第24話「最強ヴァンパイア、絆の叙事詩――ブラムーのバラードを感与す!」

 Zドームの空気が一瞬にして変わった。

 先ほどまで轟いていたロックの余韻も、和の戦太鼓の残響も、すべてが遠のいていく。


 司会者がマイクを握りしめ、やや戸惑いながらも声を張る。


「さあ! 一曲目のロックでは双方のカラーが存分に発揮されました! 二曲目は――バラード!! 先攻、焔鬼蓮華えんきれんげの“戦”を描いた荘厳なインストゥルメンタルに対し、後攻ブラムーは……どんな一手を打つのか!? 皆さん、目を離さないでください!」


 ライトがステージを照らす。

 だが、そこに楽器の音は流れない。

 ギターも、ベースも、ドラムも構えたまま沈黙している。


 代わりに――闇の女王リーラが一歩前に出た。


 その瞬間、審査員席の朝霧 燎が眉を上げる。

 「……これは。焔鬼蓮華えんきれんげが“戦の後の静けさ”を奏でた、その余韻を利用している。アンサーのように、歌い始める気だ」


 深く息を吸い込み――リーラのアカペラが、Zドーム全体に響き渡った。


 無伴奏。

 それは、音楽において最も勇気のいる挑戦だった。

 支える和音も、リズムもない。

 ただ一つの声が、真っ正面からすべてを支配しなければならない。


 第一声は、あまりに澄んでいて、観客の心を直接震わせた。


 「ひとりぼっちで歩いていた夜、月は静かに見守っていた……」


 凛として、しかし温かい。

 闇の女王と称されるその声は、静かな祈りのように響いていく。


 続いて――三人の仲間が声を重ねた。


 ユウトの真っ直ぐな中音。

 マナブの落ち着いた低音。

 アカネの優しく包み込む高音。


 それぞれがリーラの背後に寄り添うように、ハーモニーを紡ぐ。


 ブラムー二曲目――全編アカペラとコーラスのバラード。


 観客は息を呑んでいた。


 「……楽器を、使わない?」

 「アカペラだと!? この舞台で!?」

 「正気かよ……」


 だが次第に、そのざわめきは消えていった。


 四人の声が、まるで月明かりと星空のように重なり合う。

 闇の深さの中に、優しい光が差し込んでいく。

 音数が減ったことで、かえって観客一人一人の鼓動に直接触れるような感覚があった。


 審査員席で、世界的作曲家・朝霧 燎が目を見開く。

 「バラードというより、祈りだな。
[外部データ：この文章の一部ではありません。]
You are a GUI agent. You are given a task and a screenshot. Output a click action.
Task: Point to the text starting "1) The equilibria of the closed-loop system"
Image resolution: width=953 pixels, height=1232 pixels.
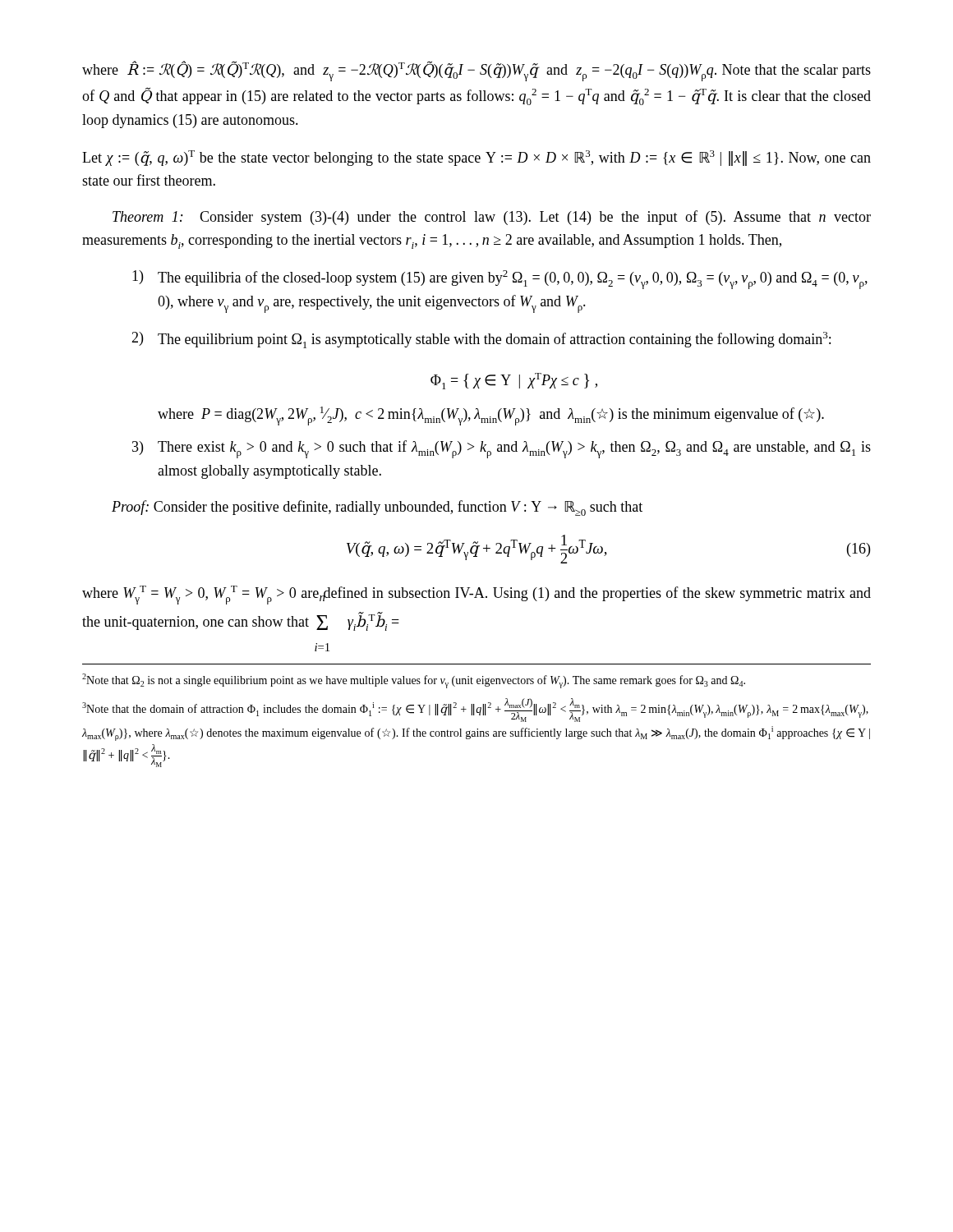501,290
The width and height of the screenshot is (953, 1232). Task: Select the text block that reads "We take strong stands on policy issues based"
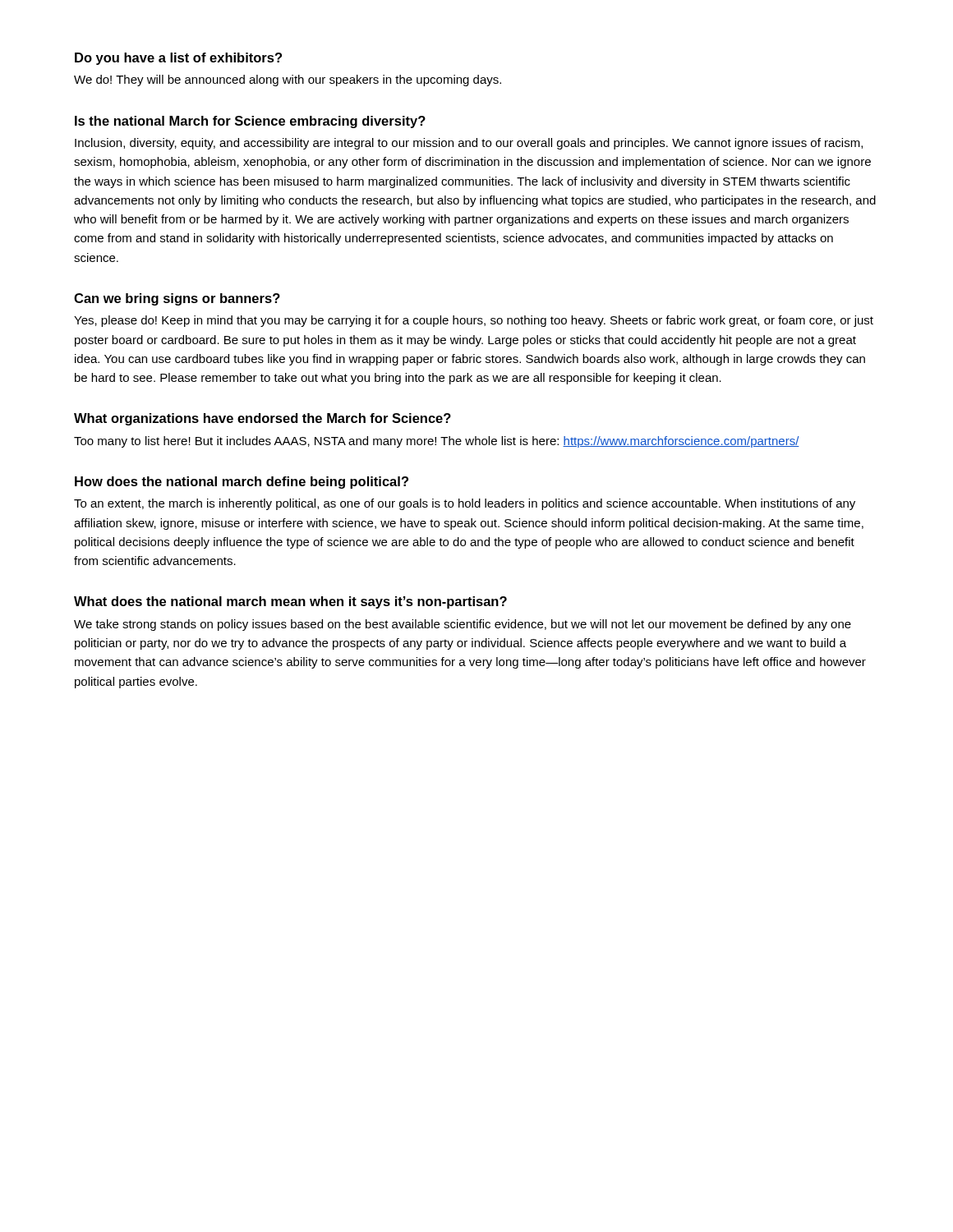(470, 652)
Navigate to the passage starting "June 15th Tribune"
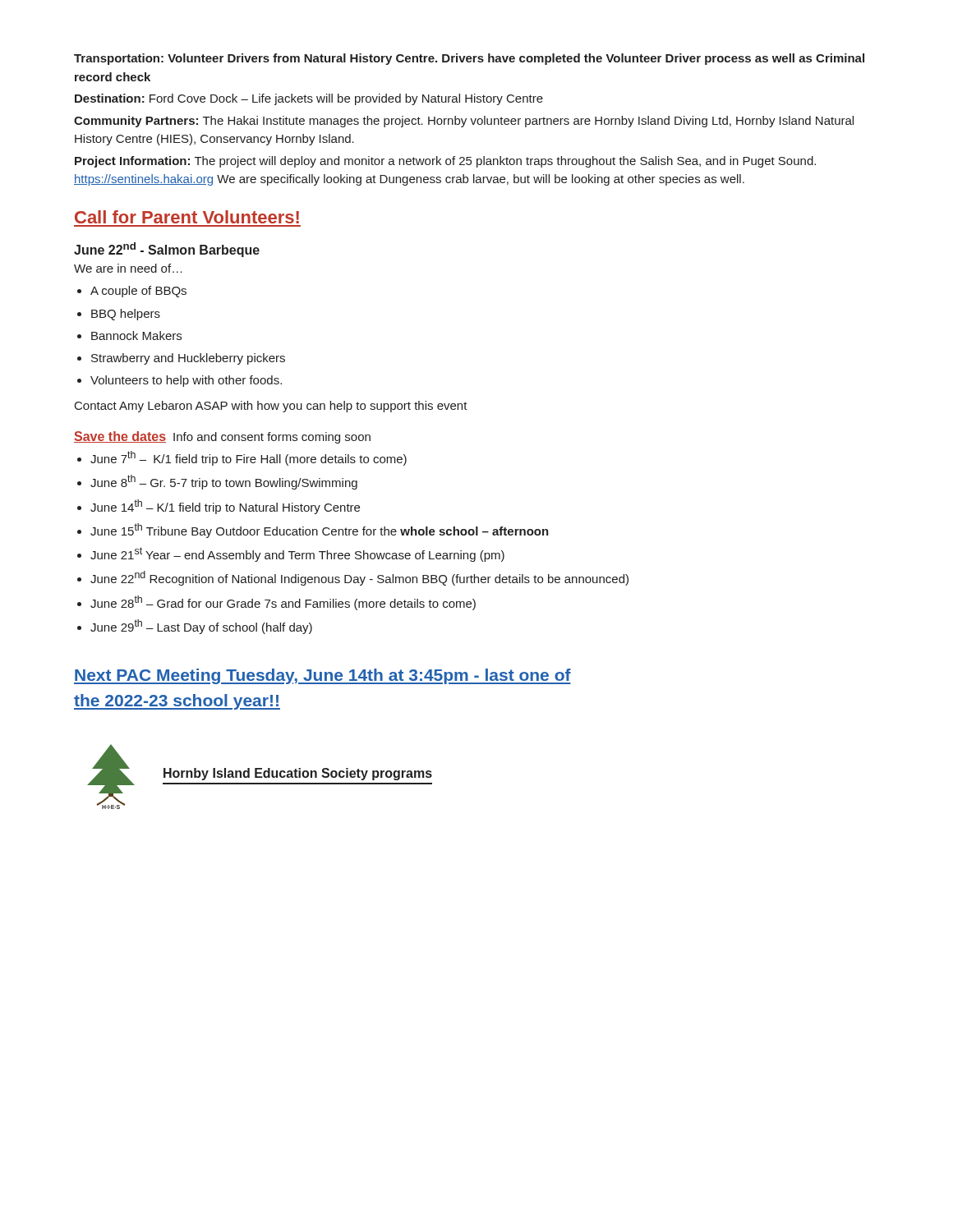 point(320,530)
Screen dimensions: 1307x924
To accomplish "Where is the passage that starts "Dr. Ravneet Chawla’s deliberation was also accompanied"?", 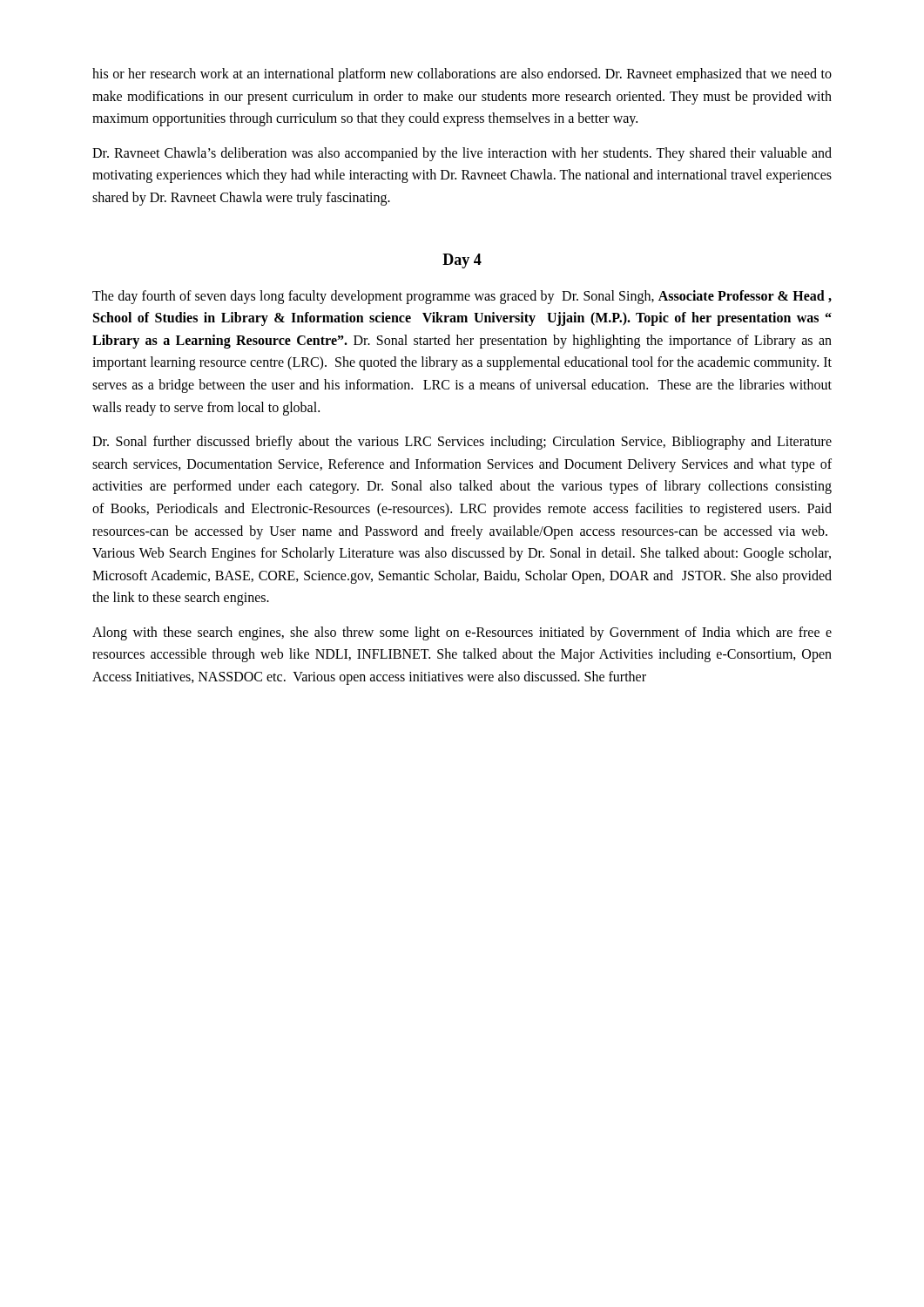I will [462, 175].
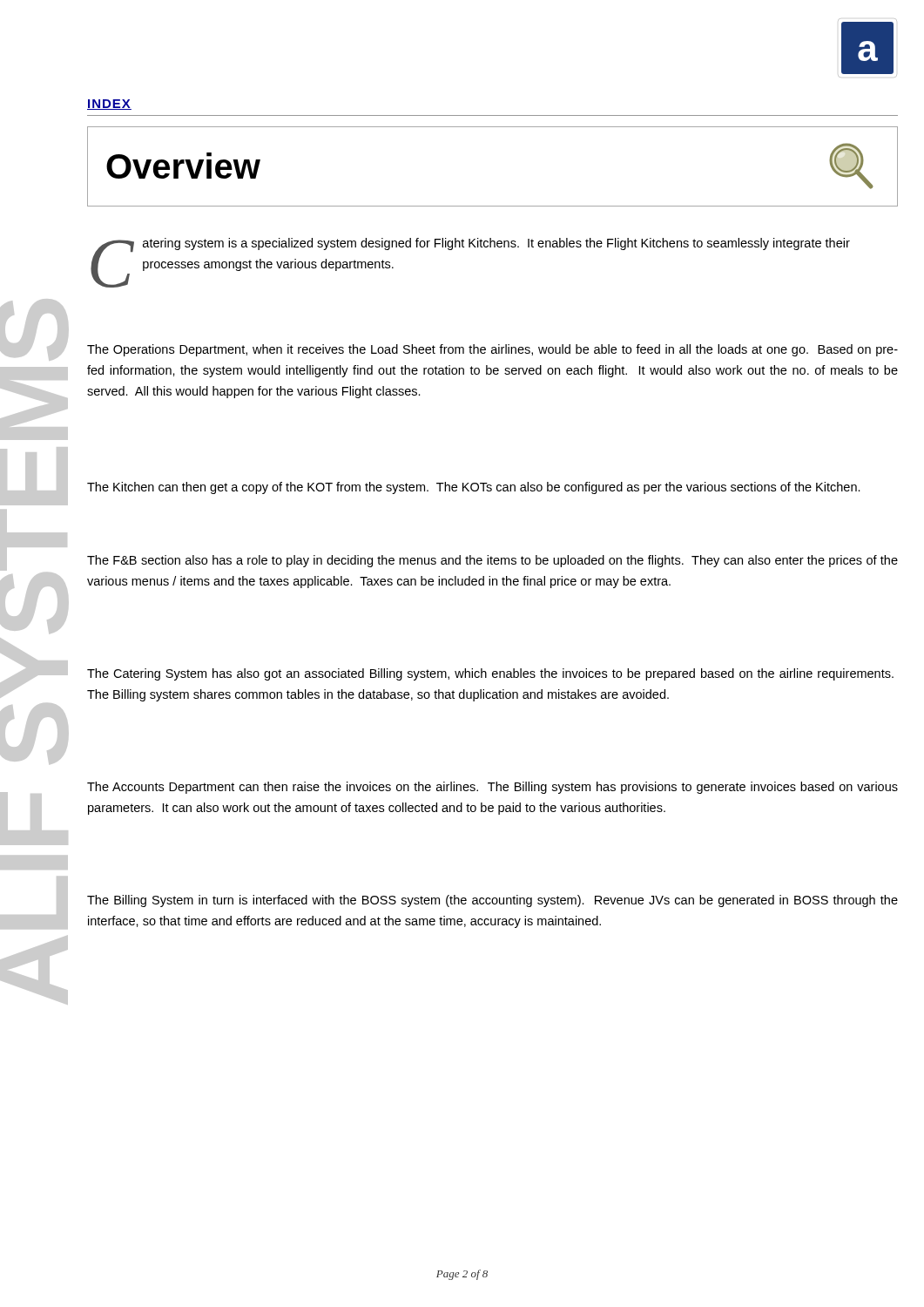The height and width of the screenshot is (1307, 924).
Task: Find the text block that reads "The Kitchen can then get a copy"
Action: (474, 487)
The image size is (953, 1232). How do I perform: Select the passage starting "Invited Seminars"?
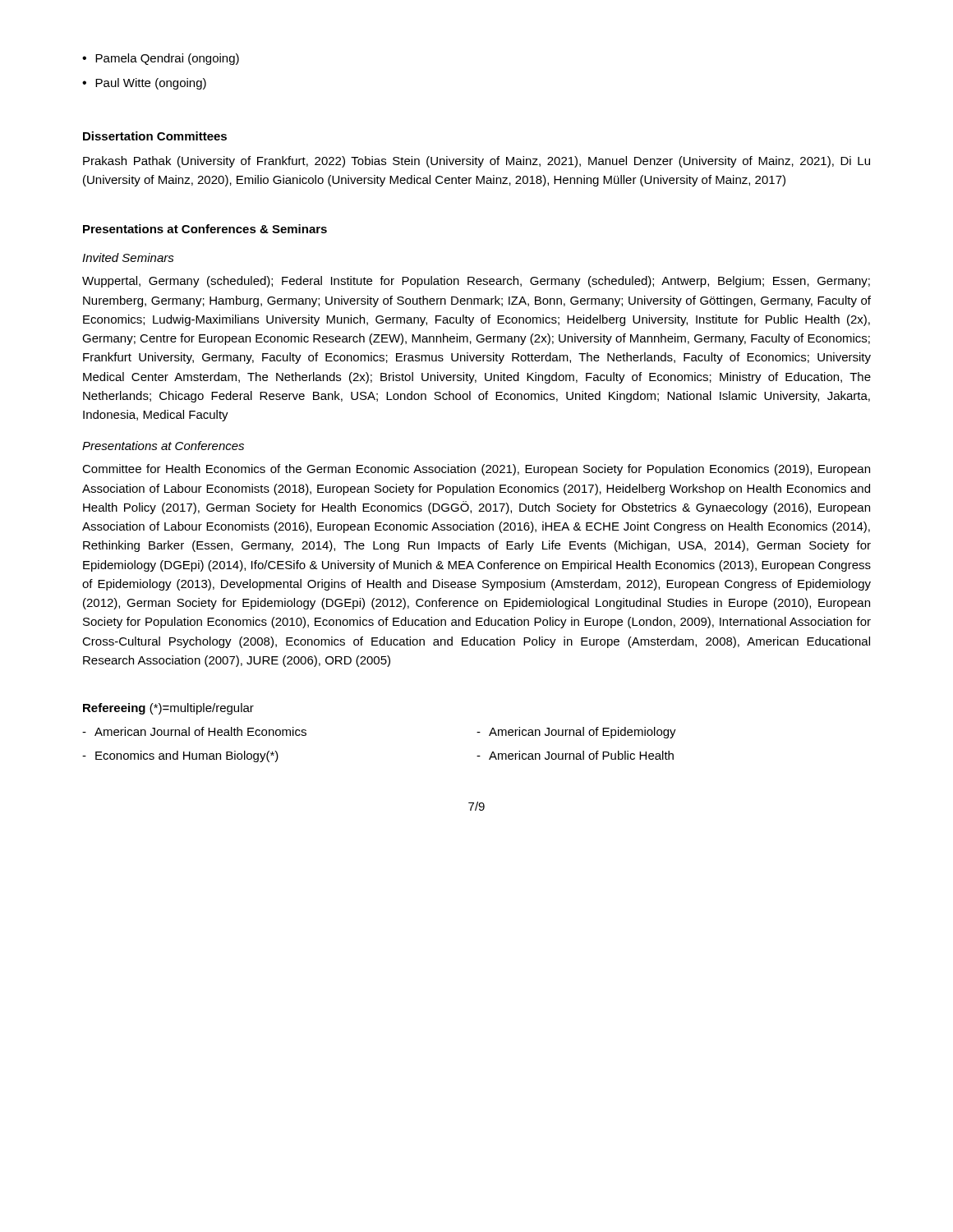[128, 258]
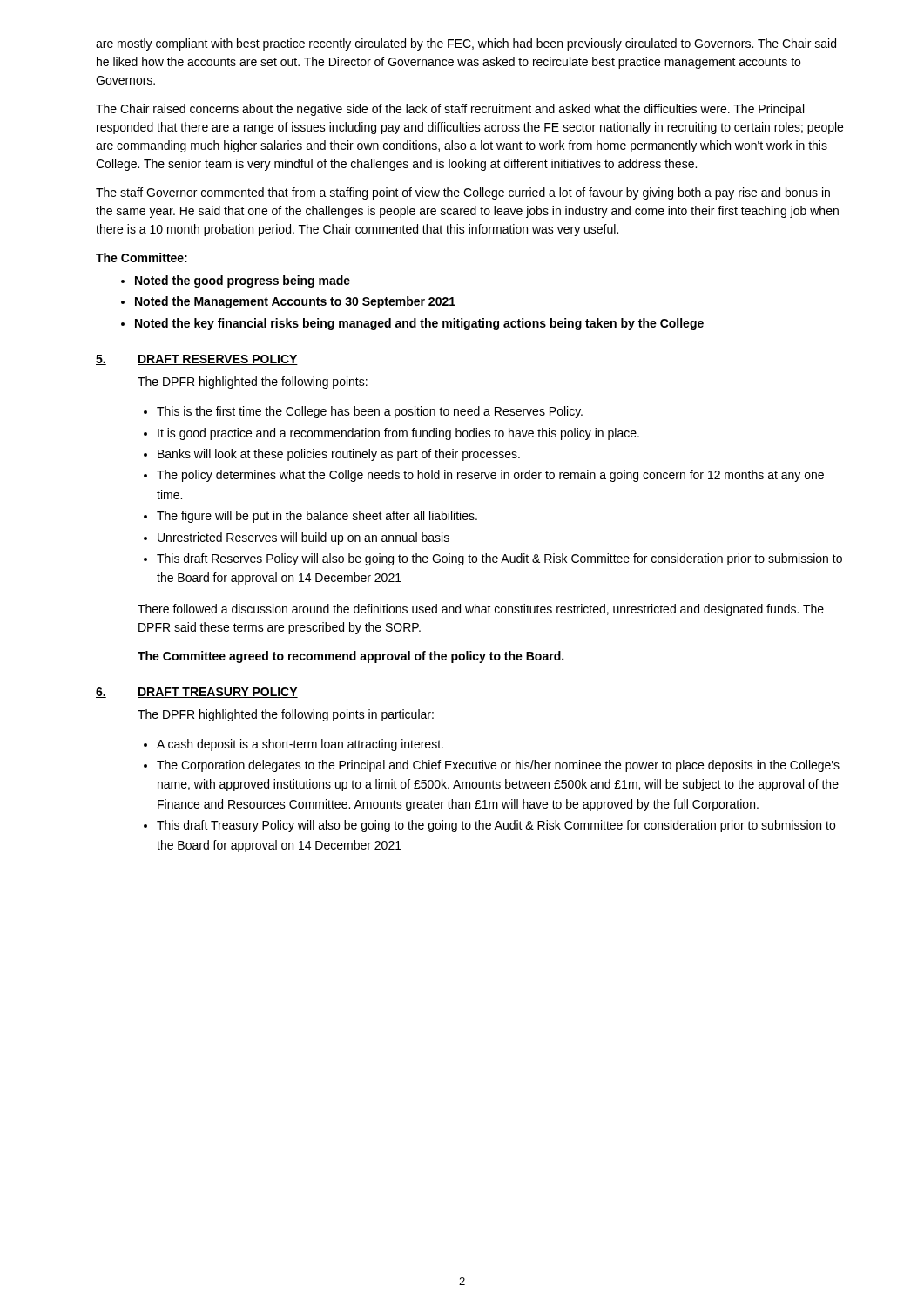Locate the text "DRAFT TREASURY POLICY"
The image size is (924, 1307).
[218, 692]
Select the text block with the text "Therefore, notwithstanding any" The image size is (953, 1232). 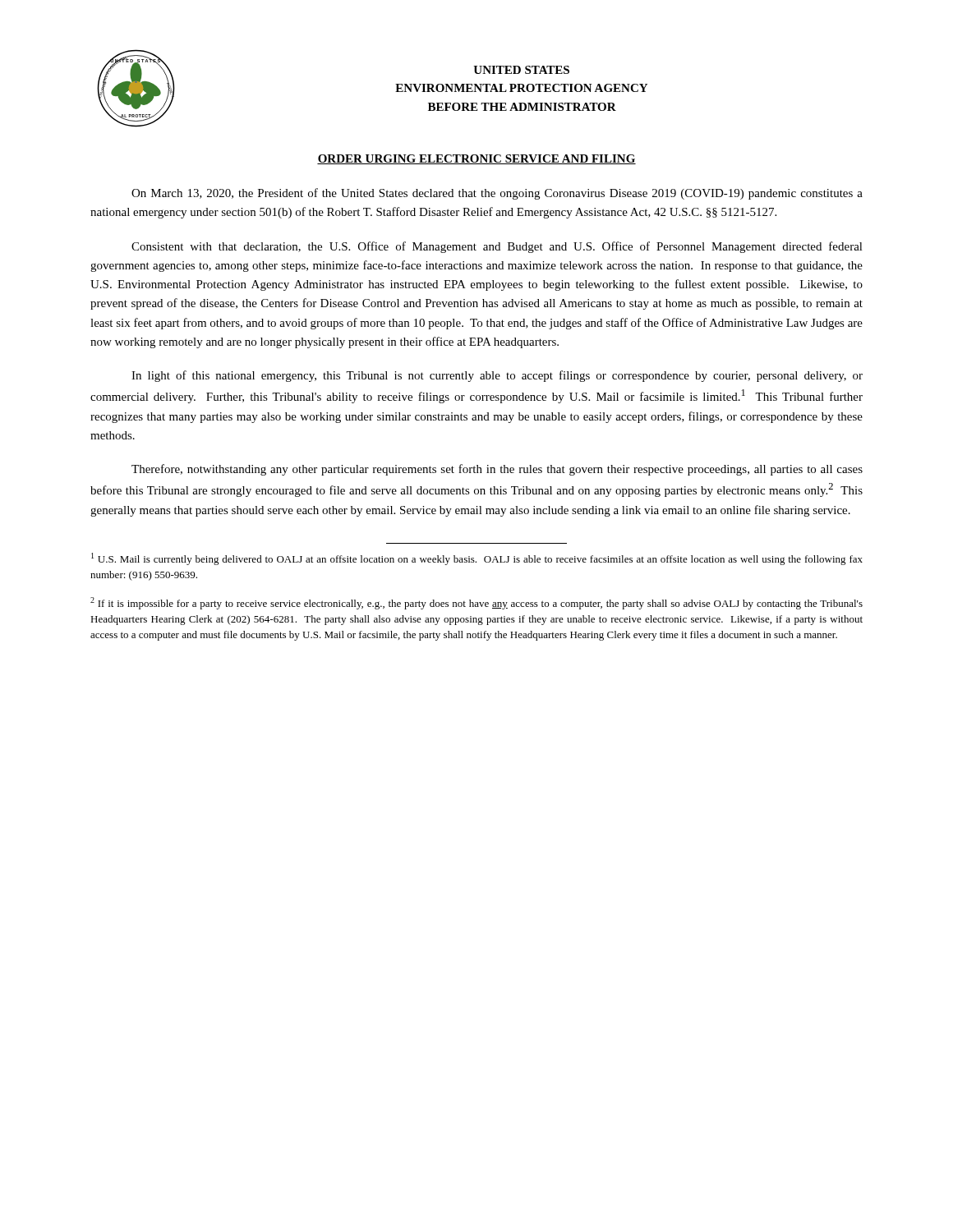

戦の静けさに応える形で、声そのものを際立たせている」


 打ち込みの第一人者・Rockston.は腕を組み、唸るように言った。

 「四声のコーラスが綺麗に合わさっている……。これは練習量もそうだが、相当な信頼関係がなければ成立しない」


 リーラの声は時に囁き、時に力強く空へ放たれる。

 そのたびに三人が和音を重ね、支え、広げる。


 「お前たちがいてくれるから……我は歌える」


 そんな思いが、声の震えとなって伝わってくる。


 ――焔鬼蓮華えんきれんげが“戦”なら。

 ――ブラムーは“絆”だ。


 そのコントラストを、観客は直感で理解していた。


 観客の目に、涙が浮かんでいく。


 「なんだよこれ……泣きそうだ……」

 「ただの歌なのに、心臓がきゅうってなる……」

「和の迫力とは違う……心の奥に直接刺さってくる……」


 そして、サビ。


 ブラムーの四人は自然と足を寄せ、円陣を組むように互いを見合った。

 視線と呼吸だけで合図を送り合い――声を重ねる。


 四人の声が重なり合い、一つの巨大な光となって広がった。


 「我らは共に歩む……どこまでも……」


 その瞬間、Zドームの天井が消えたように思えた。

 観客の視界には、広大な夜空が広がる。

 月と星々に照らされた四人の姿が、幻想のように映る。


 最後の一節を歌い終えると、音はすっと消えた。

 余韻だけが残り、しばし誰も動けなかった。


 ――静寂。


 それは、歓声よりも雄弁だった。


 やがて、会場全体が爆発するように拍手と歓声に包まれる。


「すげええええええ!!!」

「こんなの反則だろ……!」

「ロックからのアカペラ!? 心が追いつかねえ!!」


 審査員も口々に語る。


 「演出の大胆さで言えば、間違いなくトップクラスだな」(ランス・カーク)

 「声だけでここまで表現できるとは……」(鷲塚 演義)

 「総合力で勝る焔鬼蓮華えんきれんげに対して、表現の鋭さで対抗してきた。見事だ」(ケヴィン・ロッソ)


 ただし――桐島 翔は冷静に呟いた。

 「これで互角。だが勝負は三曲。まだ安心はできない」


 大臣は立ち上がり、小さく一言だけ。

 「……本物だな」

 そう言い残し、控室へと姿を消した。


 リーラはマイクを下ろし、仲間たちを振り返った。

 アカネは目を潤ませ、ユウトは拳を握り、マナブは静かに頷いた。


 四人は言葉なくして、すでに同じものを感じていた。


 「……次で決めるぞ」


 リーラが小さく呟くと、観客は再び沸き立った。


 勝負は最終三曲目――自由曲へ。

 ブラムーと焔鬼蓮華えんきれんげの戦いは、いよいよ佳境を迎える。

ここまで読んでいただき、ありがとうございます。

よろしければ、率直な評価や感想をいただけるとうれしいです。

よろしくお願いします。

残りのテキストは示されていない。